Disk backed caching persists cached results across server restarts, making it ideal for expensive operations like data loading or model inference.

Prerequisites#

First, install the diskcache library:

pip install diskcache

Basic Disk Caching#

To enable disk caching, set to_disk=True when decorating your function:

import panel as pn
import time
from datetime import datetime

@pn.cache(to_disk=True)
def expensive_computation(n):
    # Simulate expensive operation
    time.sleep(2)
    return datetime.now()

# First call takes 2 seconds
result1 = expensive_computation(5)

# Subsequent calls are instant, even after server restart
result2 = expensive_computation(5)

pn.Column(result1, result2).servable()
Traceback (most recent call last):
  File "/Users/runner/work/panel/panel/panel/io/mime_render.py", line 164, in exec_with_return
    exec(compile(init_ast, "<ast>", "exec"), global_context)
  File "<ast>", line 12, in <module>
  File "/Users/runner/work/panel/panel/panel/io/cache.py", line 534, in wrapped_func
    func_cache, hash_value, time = hash_func(*args, **kwargs)
                                   ^^^^^^^^^^^^^^^^^^^^^^^^^^
  File "/Users/runner/work/panel/panel/panel/io/cache.py", line 501, in hash_func
    from diskcache import Index
ModuleNotFoundError: No module named 'diskcache'

By default, cached values are stored in a ./cache directory relative to your application.
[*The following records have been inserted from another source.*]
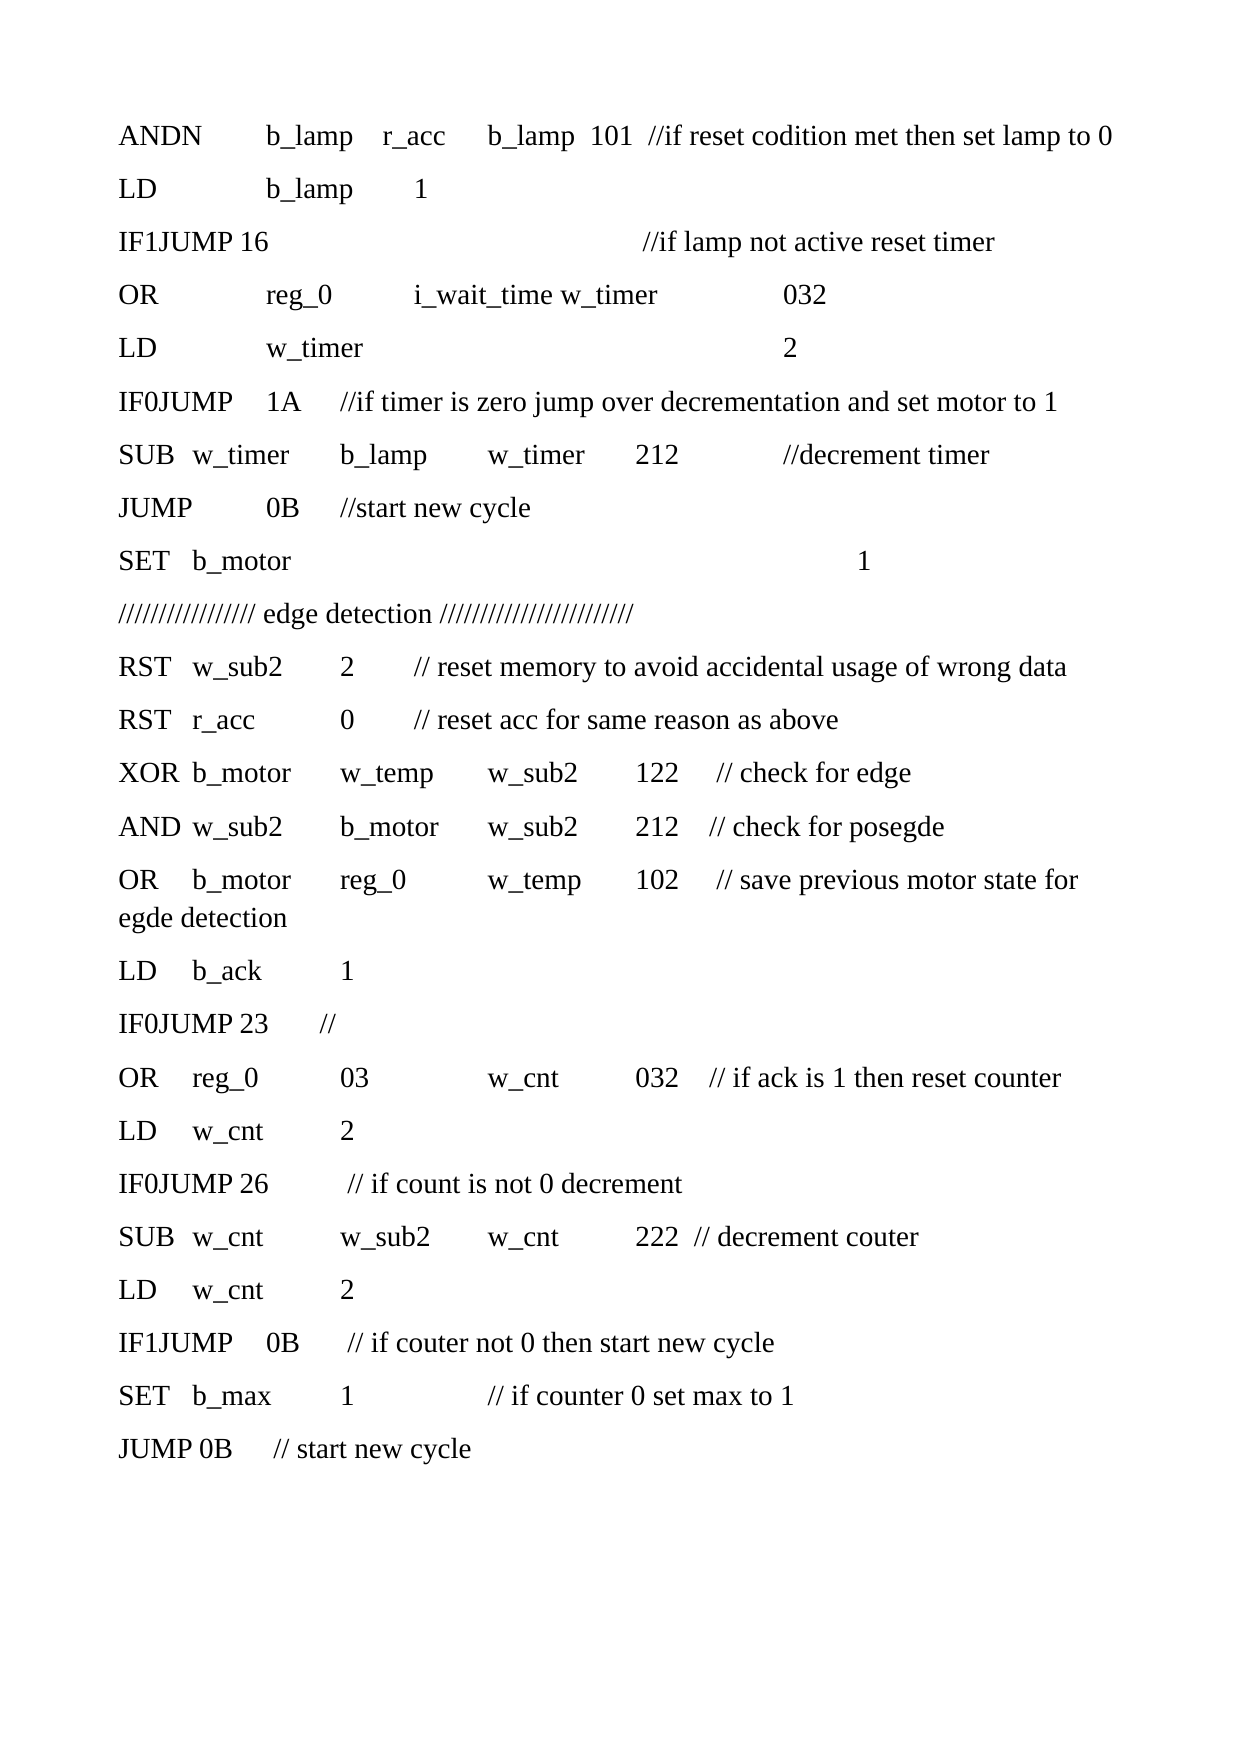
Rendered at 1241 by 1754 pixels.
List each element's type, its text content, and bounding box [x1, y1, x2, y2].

text SET b_max 1 // if counter 0 set max to 1 [118, 1378, 1122, 1412]
text IF0JUMP 1A //if timer is zero jump over decrementation and set motor to 1 [118, 384, 1122, 417]
text LD b_lamp 1 [118, 171, 1122, 205]
text OR b_motor reg_0 w_temp 102 // save previous motor state for egde detection [118, 862, 1122, 934]
text SET b_motor 1 [118, 543, 1122, 577]
text RST w_sub2 2 // reset memory to avoid accidental usage of wrong data [118, 649, 1122, 683]
text JUMP 0B //start new cycle [118, 490, 1122, 523]
text SUB w_timer b_lamp w_timer 212 //decrement timer [118, 437, 1122, 470]
text JUMP 0B // start new cycle [118, 1432, 1122, 1465]
text ///////////////// edge detection //////////////////////// [118, 596, 1122, 630]
text LD b_ack 1 [118, 953, 1122, 987]
text IF1JUMP 16 //if lamp not active reset timer [118, 224, 1122, 258]
text IF0JUMP 26 // if count is not 0 decrement [118, 1166, 1122, 1199]
text RST r_acc 0 // reset acc for same reason as above [118, 702, 1122, 736]
text LD w_cnt 2 [118, 1272, 1122, 1306]
text XOR b_motor w_temp w_sub2 122 // check for edge [118, 756, 1122, 789]
text IF1JUMP 0B // if couter not 0 then start new cycle [118, 1325, 1122, 1359]
text OR reg_0 i_wait_time w_timer 032 [118, 277, 1122, 311]
text IF0JUMP 23 // [118, 1007, 1122, 1040]
text LD w_timer 2 [118, 331, 1122, 364]
text SUB w_cnt w_sub2 w_cnt 222 // decrement couter [118, 1219, 1122, 1253]
text OR reg_0 03 w_cnt 032 // if ack is 1 then reset counter [118, 1060, 1122, 1093]
text ANDN b_lamp r_acc b_lamp 101 //if reset codition met then set lamp to 0 [118, 118, 1122, 152]
text AND w_sub2 b_motor w_sub2 212 // check for posegde [118, 809, 1122, 842]
text LD w_cnt 2 [118, 1113, 1122, 1146]

Configuring the Cache Path#

You can customize where cached values are stored in three ways:

1. Inline configuration:

@pn.cache(to_disk=True, cache_path='./cache1')
def expensive_computation(n):
    ...

2. Global configuration with pn.extension:

pn.extension(cache_path='./cache2')

3. Direct configuration:

pn.config.cache_path = './cache3'

Clearing the Cache#

Once a function has been decorated with pn.cache, you can easily clear the cache by calling .clear() on that function, e.g., in the example above, you could call load_data.clear(). If you want to clear all caches, you may also call pn.state.clear_caches().

Per-session Caching#

By default, any functions decorated or wrapped with pn.cache will use a global cache that will be reused across multiple sessions, i.e., multiple users visiting your app will all share the same cache. If instead, you want a session-local cache that only reuses cached outputs for the duration of each visit to your application, you can set pn.cache(..., per_session=True).